In “Reverberations,” the fourth and final section, the case studies offer paths for engaging with the legacy of trans-Saharan exchange post-sixteenth century, when a shift toward Atlantic sea trade sent the routes trekked by camel caravans into decline. Raymond Silverman looks at the histories of prestige metal vessels brought to West Africa, three originally from England and seven from Mamluk Egypt. The Mamluk brass bowls and basins are incised with Arabic script dating their production to the fourteenth and fifteenth centuries, a time when copper alloy was much in demand in West Africa. These objects were not melted down for reuse, however; six were kept in Akan communities in Ghana, their Mamluk identity lost over time and replaced with deep local significance, while the seventh was found in an elite burial site in Durbi Takusheyi, Nigeria, which archaeologists date to the fifteenth century. The volume's final essay, by Gayla Ben-Arieh, brings patterns of movement across the Sahara into the present day and shifts the focus from material to human mobility.

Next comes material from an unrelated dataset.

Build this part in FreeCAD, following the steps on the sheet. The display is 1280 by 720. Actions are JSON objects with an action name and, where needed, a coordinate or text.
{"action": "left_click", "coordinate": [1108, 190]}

Evoking the maps of medieval trade routes, polities, and regions inside the front and back covers, a map of current migration routes from West Africa to Europe testifies to the continued resonance of Saharan crossings.

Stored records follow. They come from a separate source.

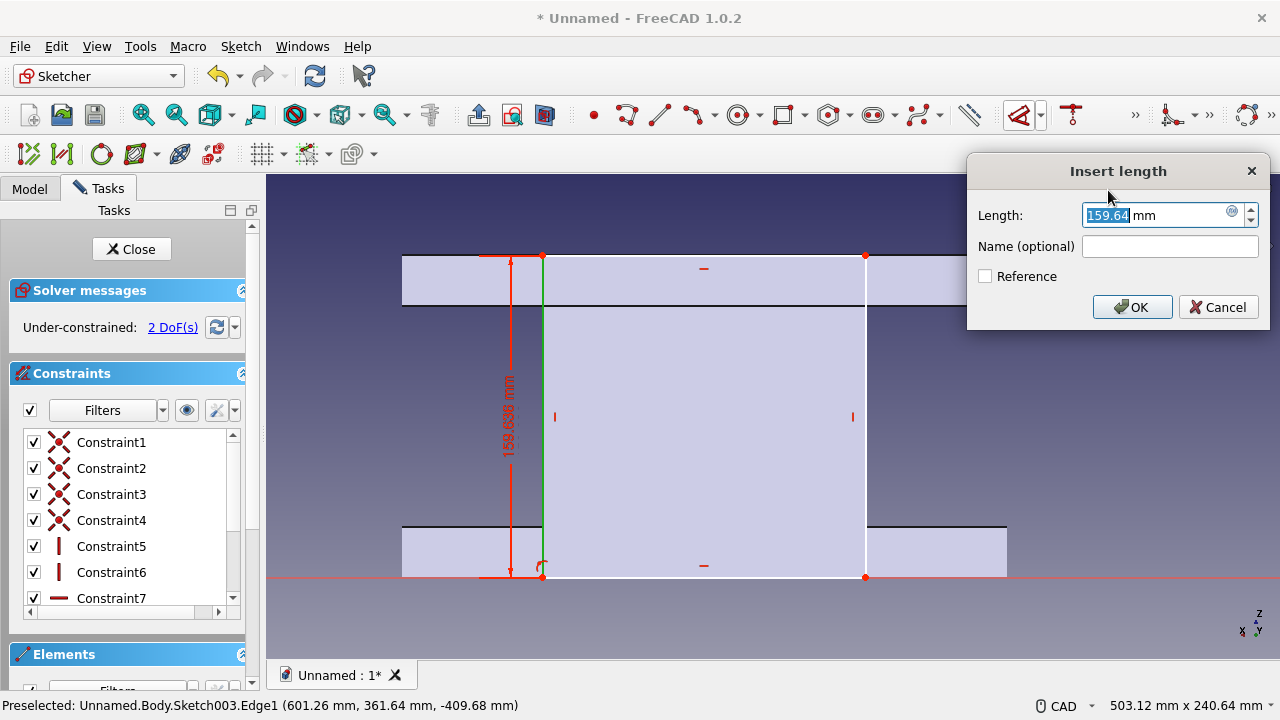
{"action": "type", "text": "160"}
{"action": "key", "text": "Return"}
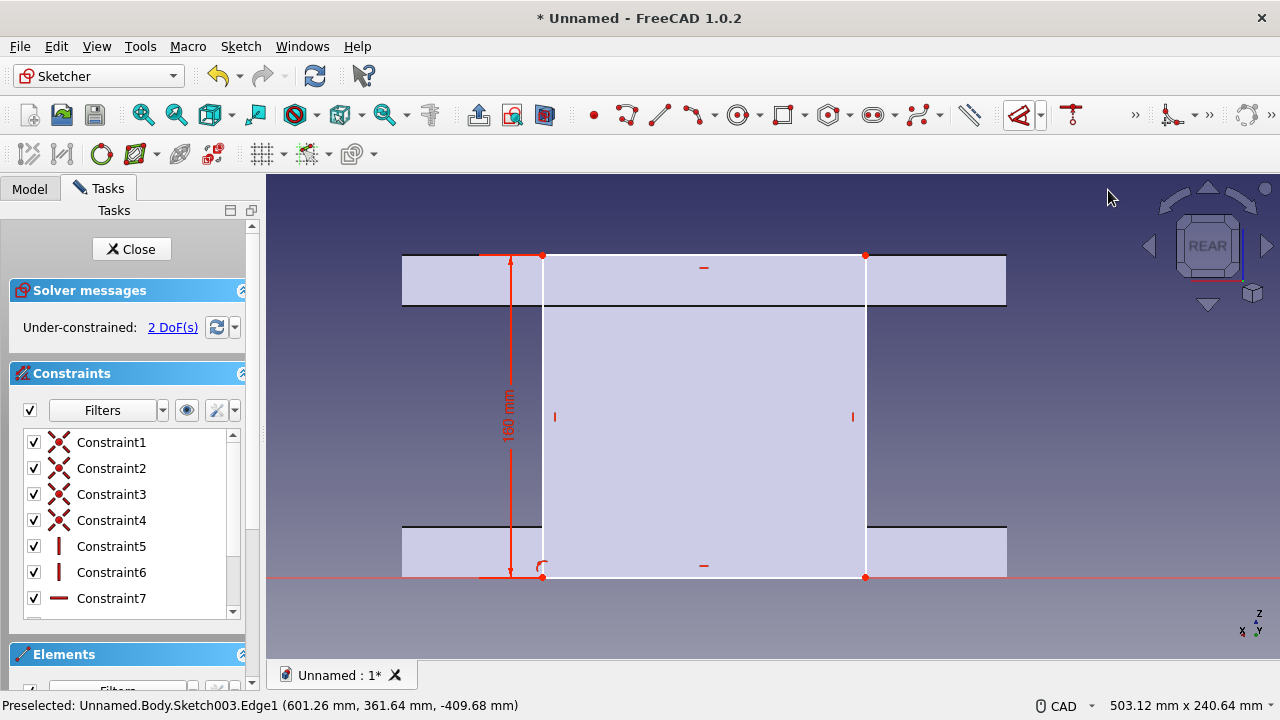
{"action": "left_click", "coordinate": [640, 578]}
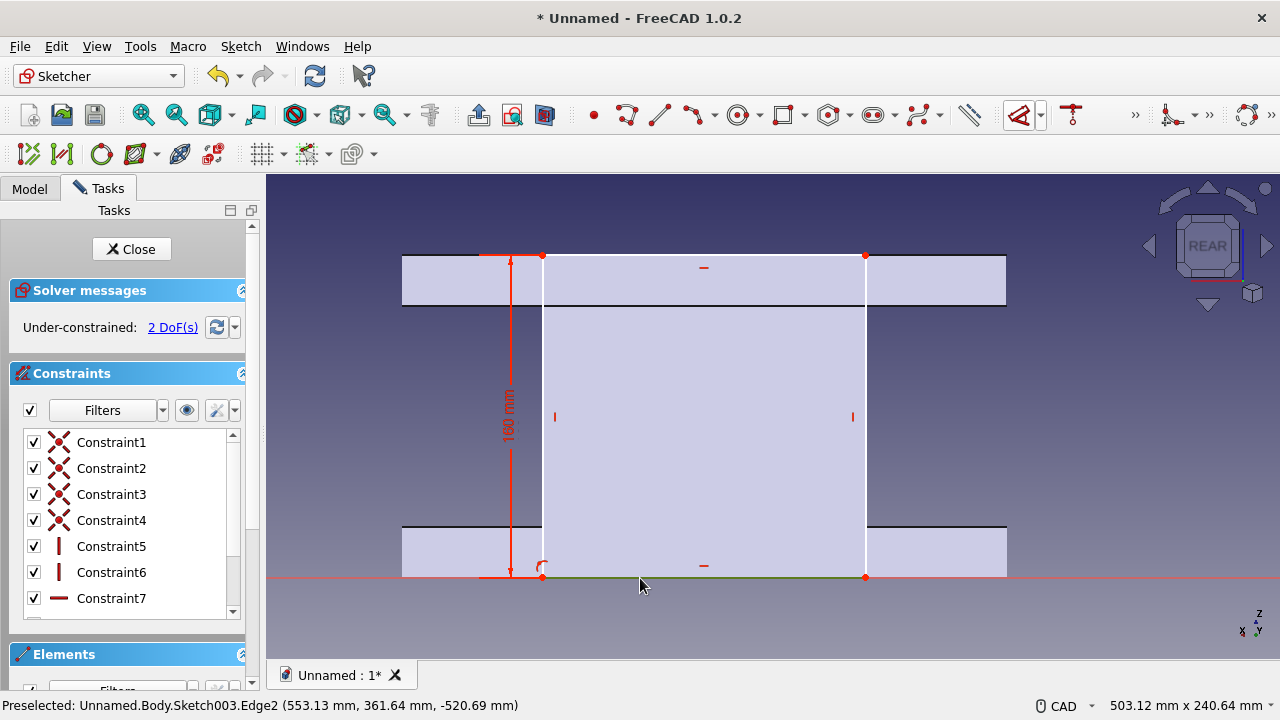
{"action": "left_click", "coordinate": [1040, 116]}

The lived reality and the public perception of these modern journeys are profoundly informed by current economic, political, and public health conditions increasingly entangled at a global level. In her introduction, Berzock writes, “our contemporary moment is defined by a rise in global connectivity, as well as by entrenched ideas about difference” (p. 23). I might add that this moment is further characterized by a growing discomfort with global connectivity and its perceived disregard for and even erasure of national borders and local identities. I write this review from Italy, where concerns about EU immigration policies, border security, and economic stagnation fuel anxieties about African migration, represented by politicians and the press as both arising from and giving rise to poverty and violence. Making visible an informed representation of West Africa and its critical role in the medieval world, but also beyond, seems especially urgent. In a recent essay, Kimberley Anne Coles, Kim F. Hall, and Ayanna Thompson assert that if the study of pre- and early modern history is to survive and thrive, scholars have “an ethical imperative to equip our students to understand and engage critically with the world as it is” (Coles et al. 2019). Caravans of Gold answers this call to action by challenging the historic conceptualization of West Africa, as it has been constructed over centuries by “the West,” offering instead a narrative with vivid images built from the incomplete but potent material remains of the region itself.